What’s the deal with this error? Is it a problem with my task, or astronomer cloud, or airflow?
*** Log file does not exist: /usr/local/airflow/logs/[TASKNAME]s/run/2019-07-11T11:00:00+00:00/1.log
*** Fetching from: http://:8793/log/[TASKNAME]/run/2019-07-11T11:00:00+00:00/1.log
*** Failed to fetch log file from worker. Invalid URL 'http://:8793/log/[TASKNAME]/run/2019-07-11T11:00:00+00:00/1.log': No host supplied
We’re seeing it pop up more and filed that JIRA ticket directly in the OSS project. Currently, Airflow commits a hostname to the backend db after the task completes, not before or during. If there is a hard crash on the task mid-process or it’s otherwise interrupted, the database never gets the hostname and you can’t fetch the logs. In other, the task didn’t “finish” failing/succeeding/executing at all - it crashed halfway.
The JIRA issue above essentially requests for that process to happen upfront, to allow you to see those logs if they exist even if the task crashes or is otherwise interrupted.
Things to Try
Can you try re-run that task by going into the corresponding Task Instance from Airflow and hitting “Clear”? Do you have retries/retry_delays configured?
That task may be crashing due to too much memory - is that job pulling in a lot of data into memory? Have you tried raising the AU’s allocated to your Scheduler?
Workers restart after each astro airflow deploy to make sure they’re looking at the most up-to-date code. To minimize disruption to tasks running at the time you deploy, you can leverage the worker termination grace period.
If configured, the celery worker will wait an x number of minutes to restart if the worker is otherwise in the middle of executing a task.
Our default grace period is currently 10 mins, but that’s actually something you can adjust freely on the Astronomer UI ( deployments > Configure > Worker Termination Grace Period)
Exec into the corresponding Celery worker to look for the log files there (Enterprise only)
You’ll need to be set up with Kubectl, but you can run: kubectl exec -it {worker_name} bash
If this is a sensor, you could set mode=reschedule (Airflow v1.10.2+)
If you’re using Airflow 1.10.1 or a prior version, sensors run continuously and occupy a task slot in perpetuity until they find what they’re looking for, so they have a tendency to cause concurrency issues.
If you have more sensors than worker slots, the sensor will now get thrown into a new up_for_reschedule state, thus unblocking a worker slot.
Coming Astro Improvements
Kubernetes Executor (coming soon to Astronomer Cloud)
The KubernetesExecutor will gracefully handle this process.
Worker/Scheduler/Webserver Logging (coming soon to Astronomer Cloud)
Already released for Astronomer Enterprise, Worker/Scheduler/Webserver logs will all be exposed in real-time within the Astronomer UI.
My guess that it is memory/resources related – this just happened to two heavy task instances at the same time. Do you think the bottleneck is the total resources allocated to my deployment, or the resources allocated to individual task instances? Any suggestions for what to tweak?

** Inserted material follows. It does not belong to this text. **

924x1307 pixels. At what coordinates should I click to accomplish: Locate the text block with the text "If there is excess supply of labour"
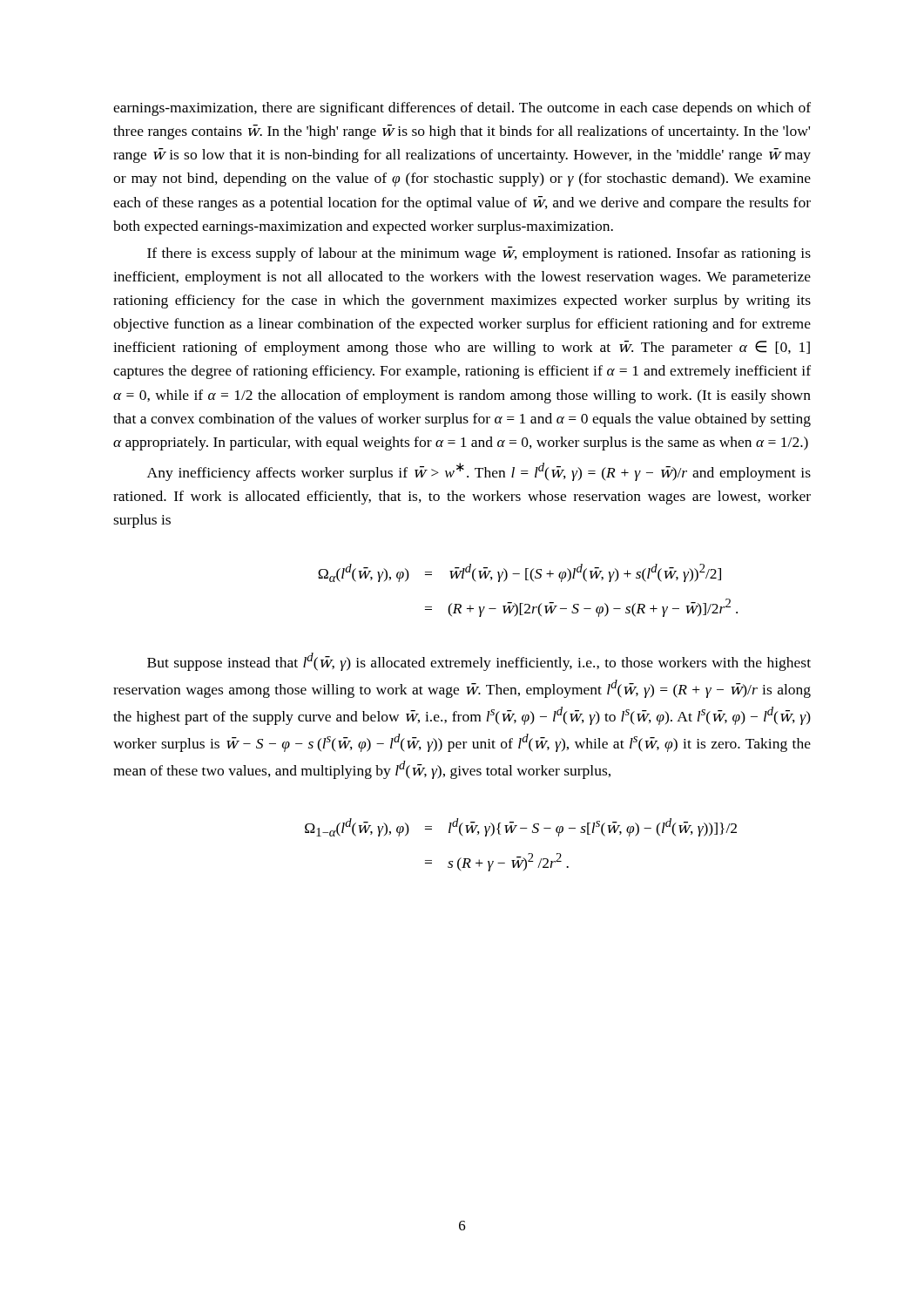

Hi @gusostow, happy to help. If you suspect it’s a memory issue, I’d recommend you bump up the resources allocated to your worker (or scheduler if you’re on a LocalExecutor). An “Astronomer Unit” maps to a combination of CPU and Memory, so upping the AU allocated to a particular component will expand those limits.
It sounds like the bottleneck is at a task level, but since resources currently power your jobs at the deployment level (this will change with the KubernetesExecutor), increasing them should make a difference. You can make the adjustment directly in your deployment’s Configure page on Astronomer.
For reference, you can find the source code for that config here.
Still running into this issue… I strongly suspect that it’s a memory issue because this task would get killed with exit code 137 from time to time on our old deployment.
I more than doubled our Astronomer resources for the deployment without any luck. So there isn’t any memory restriction for individual tasks in the airflow configuration that I can bump up? Do you think switching to the celery executer could make these tasks run more robustly?